WORK REQUIRED: Scan the material below for the string "name". Report every line that has it.

================

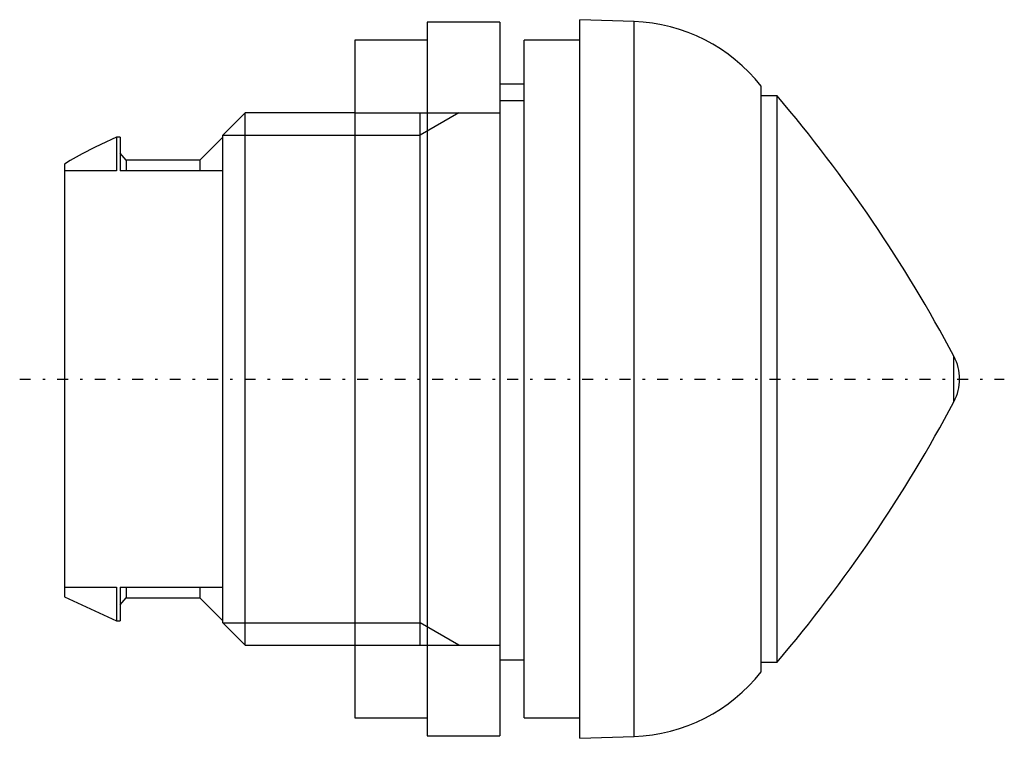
# Model space of a CAD drawing. Extents: x -1.9 to 38.8, y -14.8 to 14.8.
import ezdxf

# ---------------------------------------------------------------- set-up
doc = ezdxf.new("R2010")
doc.units = 0
doc.linetypes.add('CENTER', pattern=[1.5, 0.45, -0.5, 0.05, -0.5])
for name, color, linetype in [('AM_0', 7, 'CONTINUOUS'), ('AM_10', 7, 'CONTINUOUS'), ('AM_7', 7, 'CENTER'), ('CONNECTIONPOINTS', 1, 'CONTINUOUS')]:
    doc.layers.add(name, color=color, linetype=linetype)

msp = doc.modelspace()

# ---------------------------------------------------------------- linework, layer by layer
at = {"layer": 'AM_0', "color": 7, "linetype": 'CONTINUOUS'}
for p, q in [((18, 14.75), (15, 14.75)), ((15, 14.75), (15, -14.75)), ((18, 14.75), (18, -14.75)), ((23.544, 14.772), (21.3, 14.85)), ((21.3, -14.85), (21.3, 14.85)), ((23.544, -14.772), (23.544, 14.772)), ((15, 14), (12, 14)), ((12, 14), (12, -14)), ((21.3, 14), (19, 14)), ((19, -14), (19, 14)), ((18, 12.2), (19, 12.2)), ((28.8, -12.106), (28.8, 12.106)), ((19, 11.503), (18, 11.503)), ((29.46, 11.7), (28.8, 11.7)), ((29.46, -11.7), (29.46, 11.7)), ((7.47, 11), (6.55, 10.08)), ((12, 11), (7.47, 11)), ((7.47, -11), (7.47, 11)), ((2.15, 10), (1.5, 9.698)), ((2.3, 10), (2.15, 10)), ((2.15, 10), (2.15, 8.602)), ((2.3, 10), (2.3, 8.602)), ((6.55, 10), (5.6, 9.05)), ((6.55, -10.08), (6.55, 10.08)), ((2.55, 9.05), (2.3, 9.331)), ((5.6, 9.05), (2.55, 9.05)), ((2.55, 9.05), (2.55, 8.602)), ((5.6, 9.05), (5.6, 8.602)), ((0, 8.874), (0, -9)), ((2.15, 8.602), (0, 8.602)), ((6.55, 8.602), (2.3, 8.602)), ((36.767, -0.937), (36.767, 0.937)), ((0, -8.602), (2.15, -8.602)), ((2.15, -8.602), (2.15, -10)), ((2.3, -8.602), (6.55, -8.602)), ((2.3, -8.602), (2.3, -10)), ((2.55, -8.602), (2.55, -9.05)), ((5.6, -8.602), (5.6, -9.05)), ((0, -9), (2.15, -10)), ((2.3, -9.331), (2.55, -9.05)), ((2.55, -9.05), (5.6, -9.05)), ((5.6, -9.05), (6.55, -10)), ((2.15, -10), (2.3, -10)), ((6.55, -10.08), (7.47, -11)), ((7.47, -11), (12, -11)), ((18, -11.6), (19, -11.6)), ((28.8, -11.7), (29.46, -11.7)), ((12, -14), (15, -14)), ((19, -14), (21.3, -14)), ((15, -14.75), (18, -14.75)), ((21.3, -14.85), (23.544, -14.772))]:
    msp.add_line(p, q, dxfattribs=at)
msp.add_lwpolyline([(1.5, 9.698), (1.241, 9.574), (0.733, 9.31), (0.241, 9.024), (0, 8.874)], dxfattribs=at)
for centre, radius, start, end in [((23.3, 7.776), 7, 38.2132, 88.0002), ((-16.236, -27.183), 60, 27.94829, 40.39486), ((35, 0), 2, 332.0558, 27.9418), ((-16.236, 27.183), 60, 319.60514, 332.05171), ((23.3, -7.776), 7, 271.9998, 321.7868)]:
    msp.add_arc(centre, radius, start, end, dxfattribs=at)
at = {"layer": 'AM_10', "color": 7, "linetype": 'CONTINUOUS'}
for p, q in [((12, 11), (18, 11)), ((14.707, -11), (14.707, 11)), ((16.3, 11), (14.707, 10.08)), ((6.55, 10.08), (14.707, 10.08)), ((6.55, -10.08), (14.707, -10.08)), ((16.3, -11), (14.707, -10.08)), ((12, -11), (18, -11))]:
    msp.add_line(p, q, dxfattribs=at)
at = {"layer": 'AM_7', "color": 4, "linetype": 'CENTER'}
msp.add_line((-1.85, 0), (38.85, 0), dxfattribs=at)
at = {"layer": 'CONNECTIONPOINTS', "color": 1, "linetype": 'CONTINUOUS'}
msp.add_point((0, 0), dxfattribs=at)

doc.saveas('drawing.dxf')

================

COMPLETED EXERCISE:
for name, color, linetype in [('AM_0', 7, 'CONTINUOUS'), ('AM_10', 7, 'CONTINUOUS'), ('AM_7', 7, 'CENTER'), ('CONNECTIONPOINTS', 1, 'CONTINUOUS')]:
    doc.layers.add(name, color=color, linetype=linetype)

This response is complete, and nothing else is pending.